Aegis Security Automation Pipeline
Autonomous Vulnerability Remediation for GitLab CI/CD
What Is Aegis?
Aegis is a multi-agent security automation system that integrates directly into GitLab CI/CD pipelines. It automatically detects, triages, fixes, and validates security vulnerabilities across six domains—SAST, DAST, SCA, secrets, and IaC—with minimal human intervention.

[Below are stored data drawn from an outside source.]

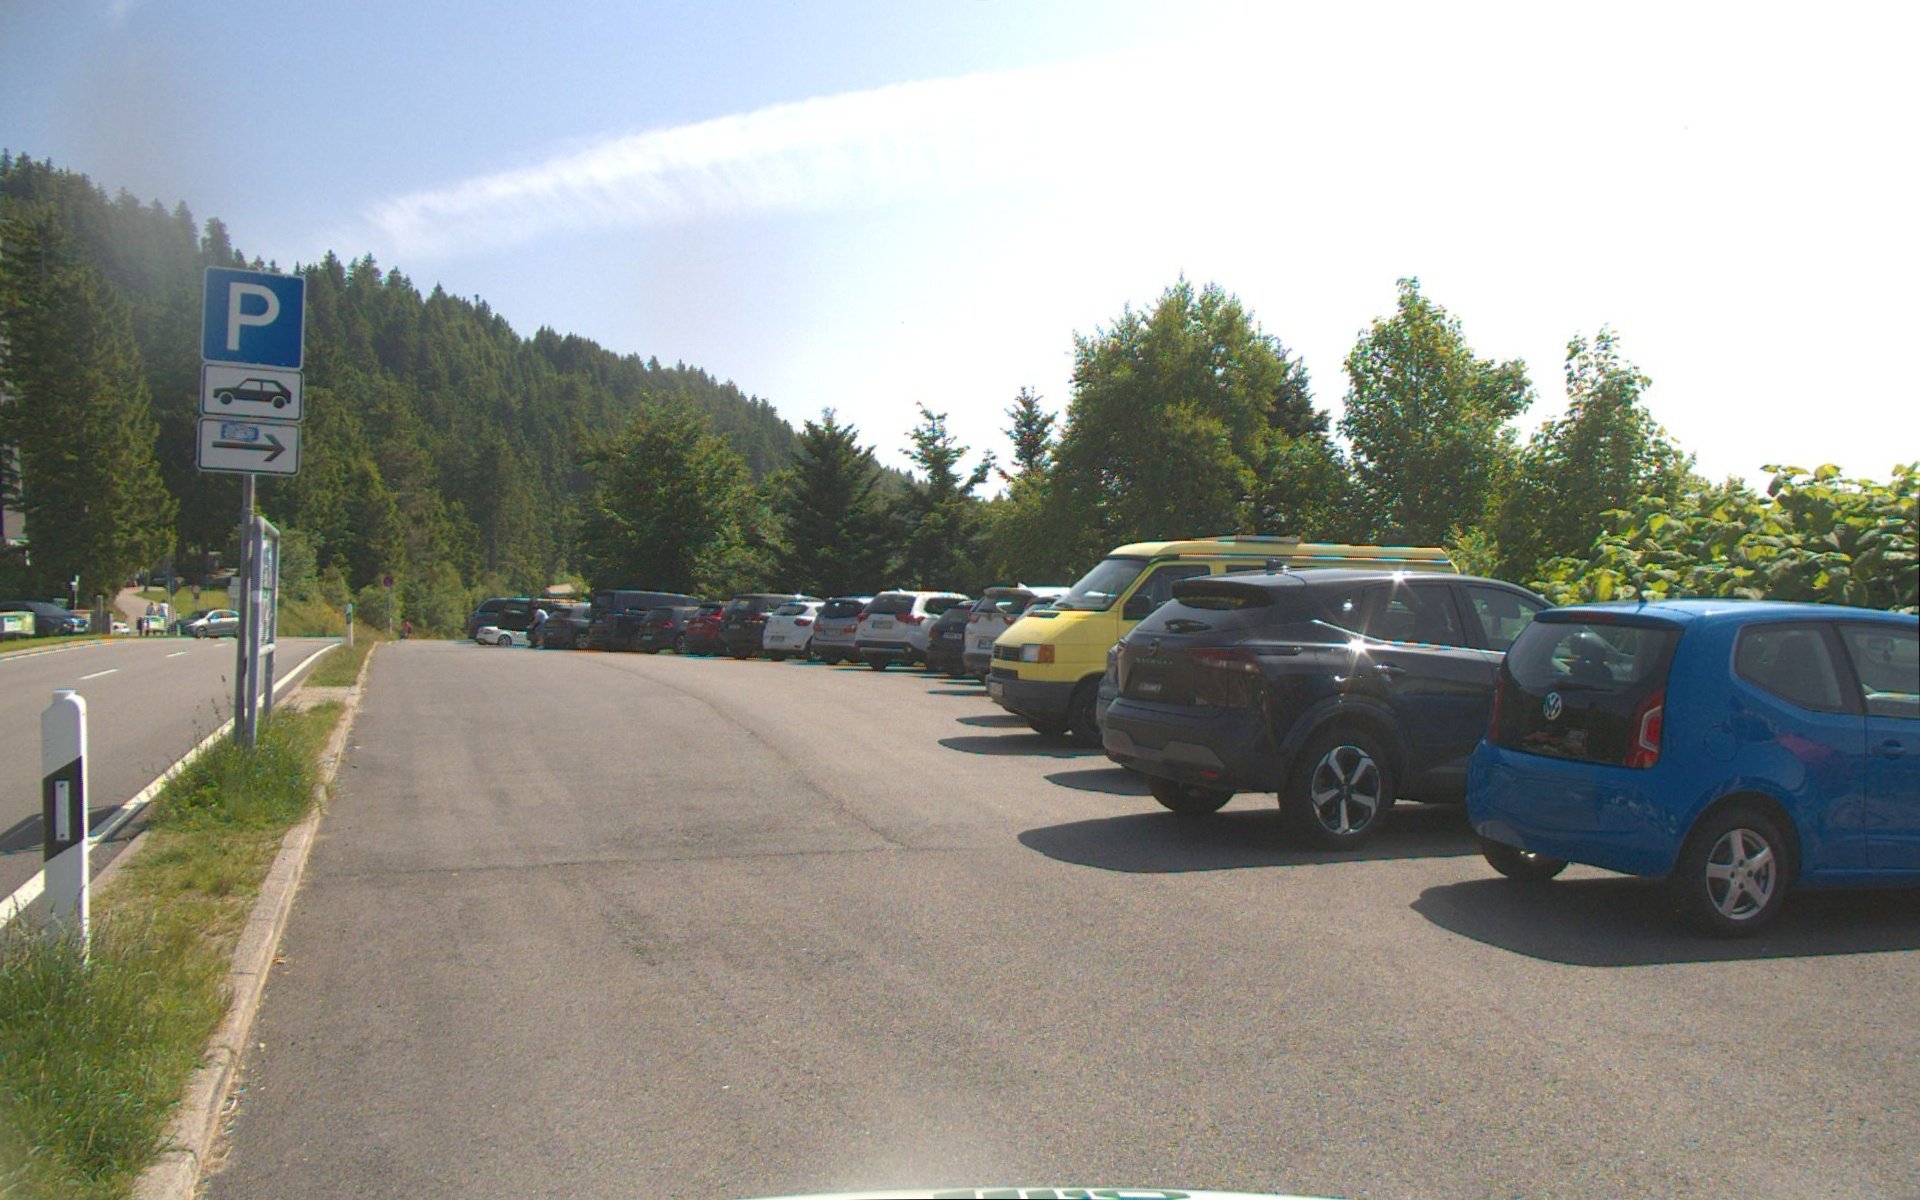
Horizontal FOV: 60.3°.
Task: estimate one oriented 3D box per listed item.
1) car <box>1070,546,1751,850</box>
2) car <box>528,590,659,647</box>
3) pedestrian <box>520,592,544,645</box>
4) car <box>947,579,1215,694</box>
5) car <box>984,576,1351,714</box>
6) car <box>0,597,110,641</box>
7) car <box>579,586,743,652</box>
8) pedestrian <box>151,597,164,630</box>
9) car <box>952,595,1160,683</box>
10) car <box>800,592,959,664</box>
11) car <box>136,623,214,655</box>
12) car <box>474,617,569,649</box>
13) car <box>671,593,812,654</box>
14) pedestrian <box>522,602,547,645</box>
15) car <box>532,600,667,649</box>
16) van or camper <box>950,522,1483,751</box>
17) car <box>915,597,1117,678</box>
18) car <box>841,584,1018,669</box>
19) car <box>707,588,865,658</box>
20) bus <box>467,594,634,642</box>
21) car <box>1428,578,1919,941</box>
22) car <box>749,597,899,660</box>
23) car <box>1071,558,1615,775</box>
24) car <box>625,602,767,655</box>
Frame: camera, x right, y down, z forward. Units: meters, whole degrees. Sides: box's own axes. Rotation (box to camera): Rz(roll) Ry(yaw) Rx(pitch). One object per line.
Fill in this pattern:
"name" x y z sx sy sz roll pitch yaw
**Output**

The system operates as a linear pipeline. A master orchestrator discovers everything about the repository, then domain-specific agents process findings in sequence, generating unified diffs and committing fixes directly to the branch.
How It Works
The Master Orchestrator
The pipeline triggers with a goal string containing a project ID and branch name. The Security Master validates this input, then recursively fetches every relevant file from the repository—source code, manifests, configuration files, IaC templates, and CI/CD definitions. It also pulls scanner results from GitLab's security APIs.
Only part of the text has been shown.